You will be able to:
- Interpret the p-value and regression coefficients
- Describe model suitability in terms of obtained significance results
We can apply the the ideas of hypothesis testing in a regression context as well as statistical inference. The general approach of hypothesis testing remains the same i.e. We develop a set of hypotheses including null hypothesis and alternative hypothesis. The way we conduct these tests is that we try to reject the null hypothesis with an associated alpha level as a threshold for calling our results significant , or otherwise. We set some statistic according to the nature of underlying data and analytical question and check the significance of our results.

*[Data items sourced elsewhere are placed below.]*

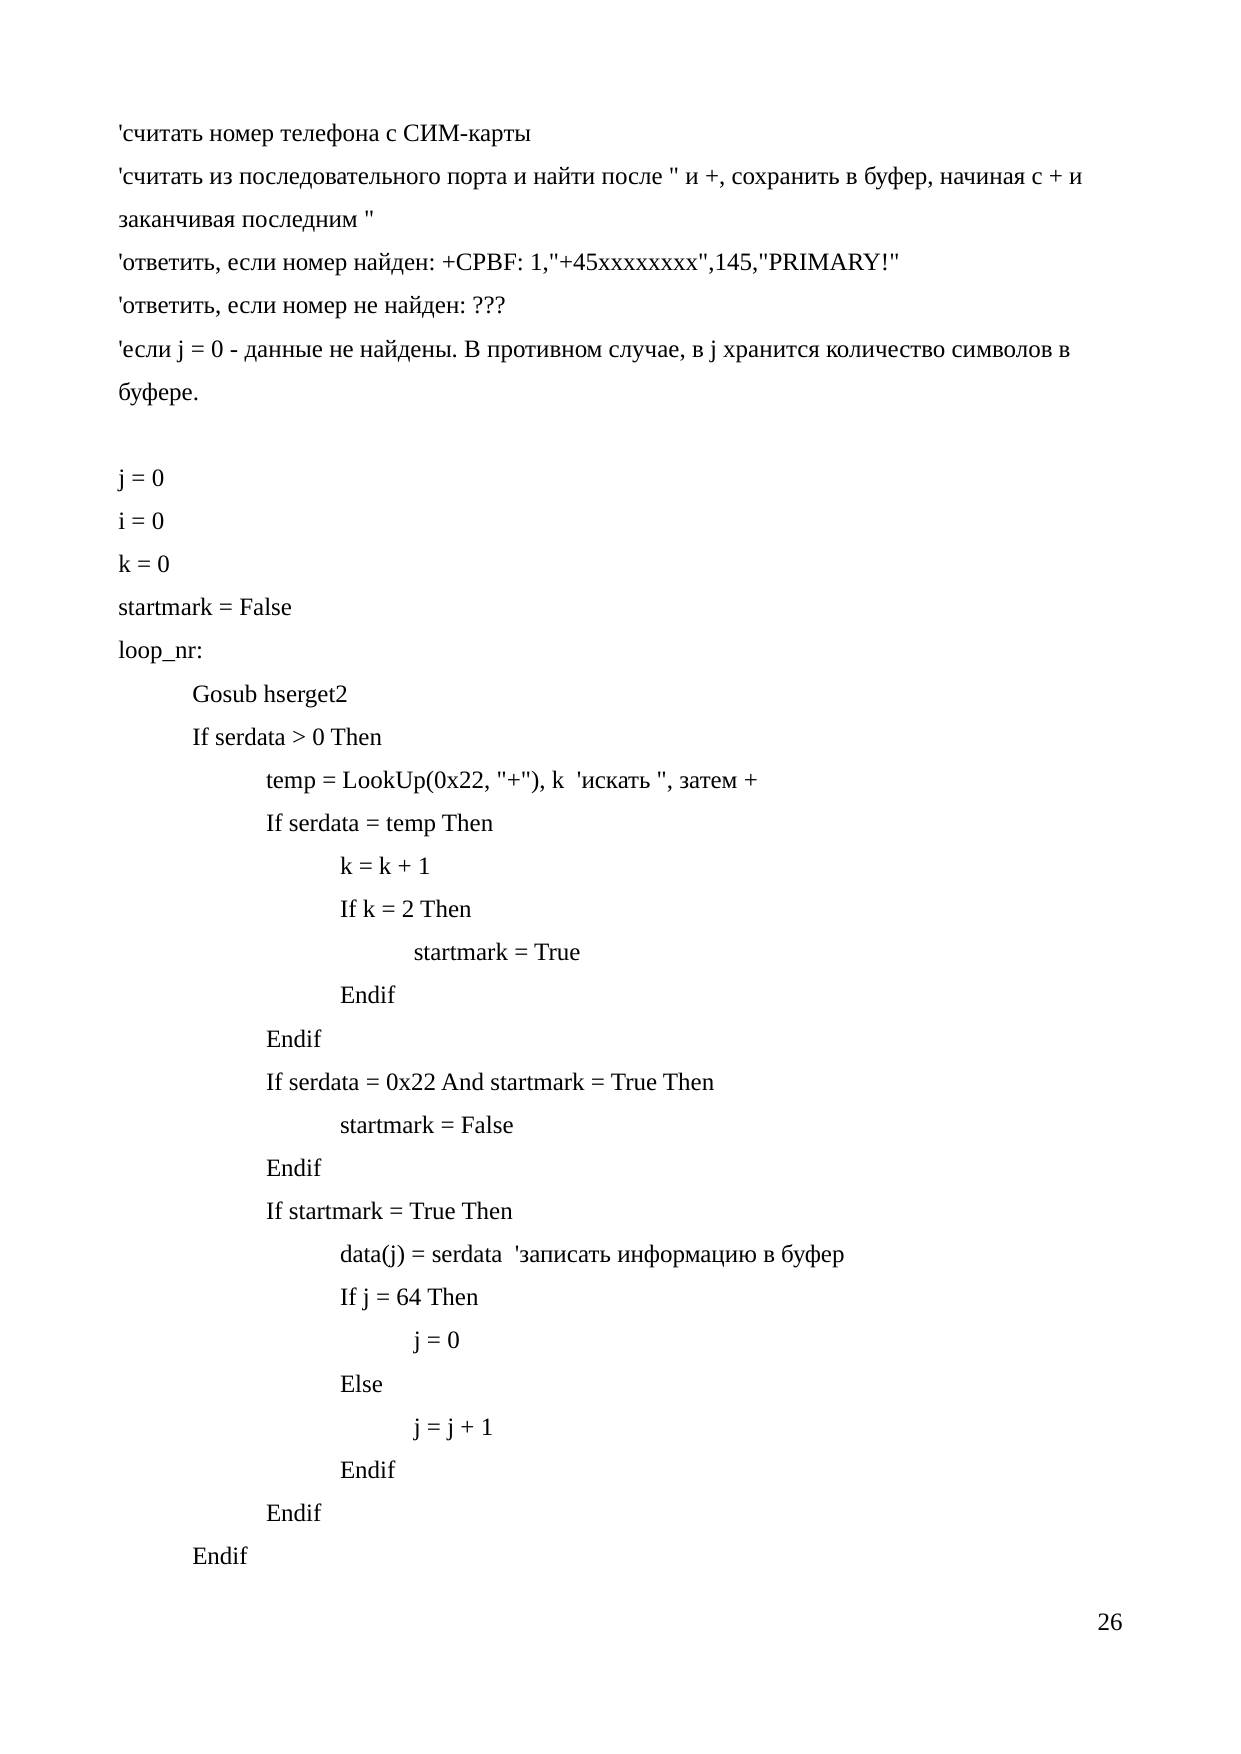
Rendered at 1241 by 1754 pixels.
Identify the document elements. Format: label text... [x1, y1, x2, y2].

text i = 0 [118, 506, 1092, 535]
text startmark = False [118, 1110, 1092, 1139]
text 'ответить, если номер не найден: ??? [118, 291, 1092, 319]
text Gosub hserget2 [118, 679, 1092, 707]
text If k = 2 Then [118, 894, 1092, 923]
text data(j) = serdata 'записать информацию в буфер [118, 1239, 1092, 1268]
text startmark = False [118, 592, 1092, 621]
text j = j + 1 [118, 1412, 1092, 1441]
text Endif [118, 1541, 1092, 1570]
text k = 0 [118, 549, 1092, 578]
text If serdata = 0x22 And startmark = True Then [118, 1067, 1092, 1096]
text startmark = True [118, 937, 1092, 966]
text 'считать из последовательного порта и найти после " и +, сохранить в буфер, начиная с + и заканчивая последним " [118, 161, 1092, 233]
text 'считать номер телефона с СИМ-карты [118, 118, 1092, 147]
text 'ответить, если номер найден: +CPBF: 1,"+45xxxxxxxx",145,"PRIMARY!" [118, 247, 1092, 276]
text temp = LookUp(0x22, "+"), k 'искать ", затем + [118, 765, 1092, 794]
text Endif [118, 1153, 1092, 1182]
text Endif [118, 1498, 1092, 1527]
text 'если j = 0 - данные не найдены. В противном случае, в j хранится количество символов в буфере. [118, 334, 1092, 406]
text Endif [118, 981, 1092, 1009]
text k = k + 1 [118, 851, 1092, 880]
text Else [118, 1369, 1092, 1397]
text If j = 64 Then [118, 1282, 1092, 1311]
text If startmark = True Then [118, 1196, 1092, 1225]
text j = 0 [118, 1326, 1092, 1354]
text Endif [118, 1455, 1092, 1484]
text j = 0 [118, 463, 1092, 492]
text If serdata > 0 Then [118, 722, 1092, 751]
text loop_nr: [118, 636, 1092, 664]
text Endif [118, 1024, 1092, 1052]
text If serdata = temp Then [118, 808, 1092, 837]

During regression, we try to measure the model parameters (coefficients ) so our null and alternative hypotheses must also get set up in those terms. Think about the simple regression experiment that we conducted on the advertising dataset. For a simple dataset like this, we can set up our hypotheses as follows:
NULL HYPOTHESIS (Ho): There is no relationship between amount spent on TV advertisement and sales figures.
For our null hypothesis to be true, In y= mx+c , m has to be zero so y is simply equal to the intercept.
ALTERNATIVE HYPOTHESIS (Ha): There is "some" relation between amount spent on TV advertisement and sales figures.
So for above, rejecting the null hypothesis would help us associate some significance with our results
Just like for statistical significance, we reject the null (and thus believe the alternative) if the 95% confidence interval does not include zero for co-efficient. In other terms
Let's import the code from our previous lesson and see if we can check for this p value.
import pandas as pd
import matplotlib.pyplot as plt
import statsmodels.api as sm
import statsmodels.formula.api as smf
import scipy.stats as stats
plt.style.use('fivethirtyeight')
data = pd.read_csv('Advertising.csv', index_col=0)
f = 'sales~TV'
f2 = 'sales~radio'
model = smf.ols(formula=f, data=data).fit()
model2 = smf.ols(formula=f2, data=data).fit()
We can now check for the p-value associated with intercept as below.
model.pvalues
Intercept 1.406300e-35
TV 1.467390e-42
dtype: float64
Note that we generally ignore the p-value for the intercept.
Here is how you would interpret this output
If the 95% confidence interval includes zero, the p-value for that coefficient will be greater than 0.05. If the 95% confidence interval does not include zero, the p-value will be less than 0.05. Thus, a p-value less than 0.05 is one way to decide whether there is likely a relationship between the feature and the response.
Again, using 0.05 as the cutoff is just a convention.
In this case, the p-value for TV is far less than 0.05, and so we believe that there is a relationship between TV ads and Sales. With alpha set to 0.05, we can claim to have 95% confidence on the outcome.
Try running above and check for p values for radio
and see how would interpret the outcome.
You are encouraged to visit following links to see more examples and explanations around:hypothesis testing in regression
Hypothesis Test for Regression Slope
In this lesson, we saw how to apply the ideas of hypothesis testing in regression analysis to associate significance and confidence level with our model. We used this with our previous regression model to check the association. In the next lab, we shall combine all the ideas around simple linear regression with ols on a slightly more complex dataset with a much greater number of features.